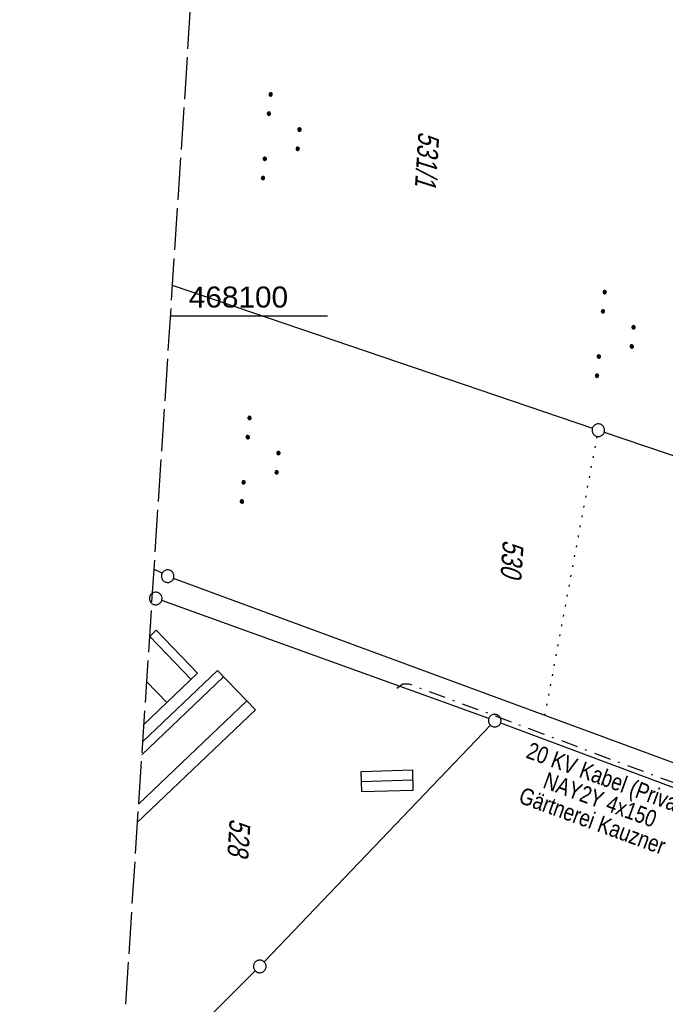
# Model space of a CAD drawing. Extents: x 510891 to 511237, y 467806 to 468748.
# Tile 8 of 28: x 510891 to 510968, y 468018 to 468135. Entities that reach past the tile are written whole.
import ezdxf

# ---------------------------------------------------------------- set-up
doc = ezdxf.new("R2010")
doc.units = 0
doc.header["$LTSCALE"] = 10
doc.header["$MEASUREMENT"] = 0
for name, pattern in [('LT00', [0]), ('LT08', [0.42, 0.2, -0.1, 0.02, -0.1]), ('LT14', [0.6, 0.5, -0.1]), ('PUNKTX2_STR', [0.6, 0.1, -0.5])]:
    doc.linetypes.add(name, pattern=pattern)
doc.layers.get('0').update_dxf_attribs({"linetype": 'LT00'})
doc.layers.add('-BLATT_099-RAND', color=7, linetype='LT14', plot=False)
for name, color, linetype in [('DFK_BEB_SCHR', 254, 'LT00'), ('DFK_BEBAUUNG', 250, 'LT00'), ('DFK_FLUR_NR', 250, 'LT00'), ('DFK_GZPKT', 250, 'LT00'), ('DFK_KATASTER', 250, 'LT00'), ('DFK_NUTZUNG', 250, 'LT00'), ('DFK_NUTZUNGSGRENZE', 70, 'PUNKTX2_STR'), ('STROM_TEXT', 80, 'Continuous'), ('STROM_UNTER', 80, 'LT08'), ('V099_RASTER', 250, 'LT00')]:
    doc.layers.add(name, color=color, linetype=linetype)
doc.styles.get("Standard").update_dxf_attribs({"font": 'ARIAL.TTF'})
doc.styles.add('Versorgungsltg', font='ARIAL.TTF', dxfattribs={"width": 0.8, "height": 2})

# ---------------------------------------------------------------- blocks, each defined once
blk = doc.blocks.new('SYMB7010')
at = {"color": 0, "linetype": 'ByBlock'}
for points in [[(-0.031408, 0.499213), (-0.093728, 0.49134), (-0.15457, 0.475719), (-0.212975, 0.452595), (-0.268021, 0.422333), (-0.31884, 0.385411), (-0.36463, 0.342411), (-0.40467, 0.29401), (-0.438329, 0.240973), (-0.465074, 0.184136), (-0.484486, 0.124395), (-0.496256, 0.062692), (-0.5002, 0)], [(-0.5002, 0), (-0.496256, -0.062692), (-0.484486, -0.124395), (-0.465075, -0.184136), (-0.438329, -0.240973), (-0.404671, -0.29401), (-0.36463, -0.342411), (-0.31884, -0.385411), (-0.268021, -0.422333), (-0.212975, -0.452595), (-0.154571, -0.475719), (-0.093728, -0.49134), (-0.031408, -0.499213), (0.031408, -0.499213)], [(0.5002, 0), (0.496256, 0.062692), (0.484485, 0.124395), (0.465074, 0.184136), (0.438329, 0.240973), (0.40467, 0.29401), (0.36463, 0.342411), (0.31884, 0.385411), (0.268021, 0.422333), (0.212975, 0.452595), (0.15457, 0.475719), (0.093728, 0.49134), (0.031408, 0.499213), (-0.031408, 0.499213)], [(0.031408, -0.499213), (0.093728, -0.491341), (0.15457, -0.475719), (0.212975, -0.452595), (0.268021, -0.422333), (0.31884, -0.385411), (0.36463, -0.342411), (0.404671, -0.294011), (0.438329, -0.240974), (0.465075, -0.184136), (0.484486, -0.124395), (0.496256, -0.062692), (0.500201, 0)]]:
    blk.add_lwpolyline(points, dxfattribs=at)
blk = doc.blocks.new('SYMB7111')
at = {"color": 0, "linetype": 'ByBlock'}
for p, q in [((-0.13, 0.202919), (-0.13, 0.177081)), ((-0.125, 0.172895), (-0.125, 0.207105)), ((-0.12, 0.209164), (-0.12, 0.170836)), ((-0.115, 0.170204), (-0.115, 0.209796)), ((-0.11, 0.209164), (-0.11, 0.170836)), ((-0.105, 0.172895), (-0.105, 0.207105)), ((-0.1, 0.202919), (-0.1, 0.177081)), ((-0.095, 0.189874), (-0.095, 0.190146)), ((0.1, 0.202919), (0.1, 0.177081)), ((0.105, 0.172895), (0.105, 0.207105)), ((0.11, 0.209164), (0.11, 0.170836)), ((0.115, 0.170204), (0.115, 0.209796)), ((0.12, 0.209164), (0.12, 0.170836)), ((0.125, 0.172895), (0.125, 0.207105)), ((0.13, 0.202919), (0.13, 0.177081)), ((0.135, 0.189874), (0.135, 0.190146)), ((-0.515, -0.177081), (-0.515, -0.202919)), ((-0.51, -0.207105), (-0.51, -0.172895)), ((-0.505, -0.170836), (-0.505, -0.209164)), ((-0.5, -0.209796), (-0.5, -0.170204)), ((-0.495, -0.170836), (-0.495, -0.209164)), ((-0.49, -0.207105), (-0.49, -0.172895)), ((-0.485, -0.177081), (-0.485, -0.202919)), ((-0.48, -0.190126), (-0.48, -0.189854)), ((-0.285, -0.177081), (-0.285, -0.202919)), ((-0.28, -0.207105), (-0.28, -0.172895)), ((-0.275, -0.170836), (-0.275, -0.209164)), ((-0.27, -0.209796), (-0.27, -0.170204)), ((-0.265, -0.170836), (-0.265, -0.209164)), ((-0.26, -0.207105), (-0.26, -0.172895)), ((-0.255, -0.177081), (-0.255, -0.202919)), ((-0.25, -0.190126), (-0.25, -0.189854)), ((0.255, -0.177081), (0.255, -0.202919)), ((0.26, -0.207105), (0.26, -0.172895)), ((0.265, -0.170836), (0.265, -0.209164)), ((0.27, -0.209796), (0.27, -0.170204)), ((0.275, -0.170836), (0.275, -0.209164)), ((0.28, -0.207105), (0.28, -0.172895)), ((0.285, -0.177081), (0.285, -0.202919)), ((0.29, -0.190126), (0.29, -0.189854)), ((0.485, -0.177081), (0.485, -0.202919)), ((0.49, -0.207105), (0.49, -0.172895)), ((0.495, -0.170836), (0.495, -0.209164)), ((0.5, -0.209796), (0.5, -0.170204)), ((0.505, -0.170836), (0.505, -0.209164)), ((0.51, -0.207105), (0.51, -0.172895)), ((0.515, -0.177081), (0.515, -0.202919)), ((0.52, -0.190126), (0.52, -0.189854))]:
    blk.add_line(p, q, dxfattribs=at)
for points in [[(-0.095, 0.19), (-0.096981, 0.198678), (-0.10253, 0.205637), (-0.11055, 0.209499), (-0.11945, 0.209499), (-0.12747, 0.205637), (-0.133019, 0.198678), (-0.135, 0.19), (-0.133019, 0.181322), (-0.12747, 0.174363), (-0.11945, 0.170501), (-0.11055, 0.170501), (-0.10253, 0.174363), (-0.096981, 0.181322), (-0.095, 0.19)], [(0.135, 0.19), (0.133019, 0.198678), (0.12747, 0.205637), (0.11945, 0.209499), (0.11055, 0.209499), (0.10253, 0.205637), (0.096981, 0.198678), (0.095, 0.19), (0.096981, 0.181322), (0.10253, 0.174363), (0.11055, 0.170501), (0.11945, 0.170501), (0.12747, 0.174363), (0.133019, 0.181322), (0.135, 0.19)], [(-0.48, -0.19), (-0.481981, -0.181322), (-0.48753, -0.174363), (-0.49555, -0.170501), (-0.50445, -0.170501), (-0.51247, -0.174363), (-0.518019, -0.181322), (-0.52, -0.19), (-0.518019, -0.198678), (-0.51247, -0.205637), (-0.50445, -0.209499), (-0.49555, -0.209499), (-0.48753, -0.205637), (-0.481981, -0.198678), (-0.48, -0.19)], [(-0.25, -0.19), (-0.251981, -0.181322), (-0.25753, -0.174363), (-0.26555, -0.170501), (-0.27445, -0.170501), (-0.28247, -0.174363), (-0.288019, -0.181322), (-0.29, -0.19), (-0.288019, -0.198678), (-0.28247, -0.205637), (-0.27445, -0.209499), (-0.26555, -0.209499), (-0.25753, -0.205637), (-0.251981, -0.198678), (-0.25, -0.19)], [(0.29, -0.19), (0.288019, -0.181322), (0.28247, -0.174363), (0.27445, -0.170501), (0.26555, -0.170501), (0.25753, -0.174363), (0.251981, -0.181322), (0.25, -0.19), (0.251981, -0.198678), (0.25753, -0.205637), (0.26555, -0.209499), (0.27445, -0.209499), (0.28247, -0.205637), (0.288019, -0.198678), (0.29, -0.19)], [(0.52, -0.19), (0.518019, -0.181322), (0.51247, -0.174363), (0.50445, -0.170501), (0.49555, -0.170501), (0.48753, -0.174363), (0.481981, -0.181322), (0.48, -0.19), (0.481981, -0.198678), (0.48753, -0.205637), (0.49555, -0.209499), (0.50445, -0.209499), (0.51247, -0.205637), (0.518019, -0.198678), (0.52, -0.19)]]:
    blk.add_lwpolyline(points, dxfattribs=at)

msp = doc.modelspace()

# ---------------------------------------------------------------- linework, layer by layer
at = {"layer": '-BLATT_099-RAND'}
msp.add_lwpolyline([(510950.96, 468747.5), (510890.95, 467824.45), (511177.35, 467805.83), (511237.36, 468728.88), (510950.96, 468747.5)], dxfattribs=at)
at = {"layer": 'DFK_BEB_SCHR'}
for p, q in [((510911.34, 468056.72), (510906.43, 468061.84)), ((510915.2, 468057.04), (510905.47, 468047.75)), ((510906.04, 468056.47), (510908.45, 468053.96)), ((510905.09, 468041.86), (510917.98, 468054.16)), ((510937.72, 468044.7), (510931.62, 468044.54))]:
    msp.add_line(p, q, dxfattribs=at)
at = {"layer": 'DFK_BEBAUUNG'}
for points in [[(510906.38, 468061.79), (510907.2, 468062.57), (510912.1, 468057.45), (510905.7, 468051.32)], [(510906.48, 468063.25), (510906.54, 468063.18), (510906.47, 468063.11)], [(510905.57, 468049.28), (510914.49, 468057.78), (510919.01, 468053.09)], [(510919.01, 468053.09), (510904.94, 468039.66)], [(510937.75, 468043.5), (510931.65, 468043.34), (510931.59, 468045.77), (510937.69, 468045.93), (510937.75, 468043.5)]]:
    msp.add_lwpolyline(points, dxfattribs=at)
at = {"layer": 'DFK_KATASTER'}
for p, q in [((510909.1, 468103.66), (510959.1, 468086.63)), ((510960.52, 468086.15), (510975.05, 468081.2)), ((510907.89, 468069.35), (510906.91, 468069.84)), ((511007.15, 468032.61), (510909.26, 468068.75)), ((510946.77, 468052.06), (510907.85, 468066.1)), ((510920.04, 468023.08), (510946.96, 468051.27)), ((510948.18, 468051.55), (511007.01, 468029.48)), ((510902.75, 468005.91), (510918.99, 468022.01))]:
    msp.add_line(p, q, dxfattribs=at)
at = {"layer": 'DFK_NUTZUNGSGRENZE', "ltscale": 0.2}
msp.add_line((510953.46, 468052.43), (510959.67, 468085.65), dxfattribs=at)
at = {"layer": 'STROM_UNTER', "flags": 128}
msp.add_lwpolyline([(510935.81, 468055.66), (510936.53, 468056.2), (510937.26, 468056.2), (510942.05, 468054.39), (510945.97, 468052.97), (510953.12, 468050.29), (510961.12, 468047.27), (510968.86, 468044.39), (510976.37, 468041.64), (510983.97, 468038.71), (510992.48, 468035.5), (511002, 468031.83), (511007.63, 468029.67), (511008.63, 468029.46), (511009.35, 468029.07), (511010.18, 468030.16), (511011.56, 468033.35), (511012.65, 468035.73), (511013.05, 468040.33), (511013.49, 468045.46), (511014.03, 468051.81), (511014.06, 468057.65), (511014.09, 468063.43), (511014.13, 468069.94), (511014, 468077.49), (511013.86, 468081.47), (511013.85, 468082.83), (511013.74, 468083.43), (511013.48, 468084.14), (511012.27, 468085.78), (511010.77, 468088.06), (511009.63, 468090.72), (511008.1, 468094.63), (511007.48, 468096.09), (511007.33, 468097.63), (511007.42, 468100.22), (511007.58, 468105.61), (511007.87, 468113.1), (511008.03, 468118.86), (511008.31, 468125.09), (511008.47, 468132.62), (511017.35, 468132.07), (511018.85, 468131.98), (511019.6, 468132.11), (511020.32, 468132.75), (511021.84, 468134.1), (511023.11, 468135.09), (511024.8, 468135.88), (511026.15, 468136.37), (511027.61, 468136.57), (511029.76, 468136.51), (511036.81, 468136.2), (511047.62, 468135.83), (511054.76, 468135.57), (511057.98, 468135.43), (511060.38, 468135.85), (511063.2, 468136.61), (511064.14, 468137.66), (511065, 468138.73), (511065.14, 468141.12), (511065.33, 468144.83), (511065.55, 468149.34), (511065.61, 468151.12), (511066.97, 468157.53), (511067.86, 468161.75), (511070.98, 468163.82), (511075.96, 468166.48), (511083.46, 468169.33), (511090.08, 468171.9), (511095.64, 468173.7), (511099.03, 468174.85), (511098.46, 468176.56), (511096.2, 468183.29), (511094.16, 468190.57), (511092.32, 468198.34), (511091.58, 468202.36), (511091.32, 468203.84), (511089.9, 468204.91), (511088.92, 468205.64), (511088.5, 468205.91), (511087.37, 468204.27)], dxfattribs=at)
at = {"layer": 'V099_RASTER'}
msp.add_line((510908.87, 468100), (510927.59, 468100), dxfattribs=at)

# ---------------------------------------------------------------- block references
at = {"layer": 'DFK_GZPKT', "xscale": 1.500000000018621, "yscale": 1.5, "zscale": 1.5, "rotation": 264.7377099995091}
for p in [(510959.81, 468086.39), (510908.56, 468069.01), (510907.14, 468066.35), (510947.48, 468051.81), (510919.52, 468022.54)]:
    msp.add_blockref('SYMB7010', p, dxfattribs=at)
at = {"layer": 'DFK_NUTZUNG', "xscale": 9.999999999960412, "yscale": 10, "zscale": 10, "rotation": 264.7377000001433}
for p in [(510922.25, 468121.22), (510962, 468097.68), (510919.74, 468082.7)]:
    msp.add_blockref('SYMB7111', p, dxfattribs=at)

# ---------------------------------------------------------------- texts
at = {"layer": 'DFK_FLUR_NR', "oblique": 13.754, "width": 0.75}
for s, p in [('531/1', (510938.41, 468122.01)), ('530', (510948.45, 468073.37)), ('528', (510915.95, 468040.19))]:
    msp.add_text(s, height=2.5, rotation=266.2803, dxfattribs=at).set_placement(p)
at = {"layer": 'STROM_TEXT', "insert": (510960.02, 468042.38), "char_height": 2, "attachment_point": 5, "rotation": 339.9678, "line_spacing_factor": 0.8, "style": 'Versorgungsltg'}
msp.add_mtext('20 KV Kabel (Privat)\\PNAY2Y 4x150\\PGärtnerei Kauzner', dxfattribs=at)
at = {"layer": 'V099_RASTER', "width": 1.014}
msp.add_text(' 468100', height=2.5, rotation=0.0004, dxfattribs=at).set_placement((510910.09, 468101))

doc.saveas('drawing.dxf')

→ ASSIGNED TASK: How many lines of the material above contain the word "ARIAL"? Answer with the number only.

→ PROBLEM SOLUTION: 2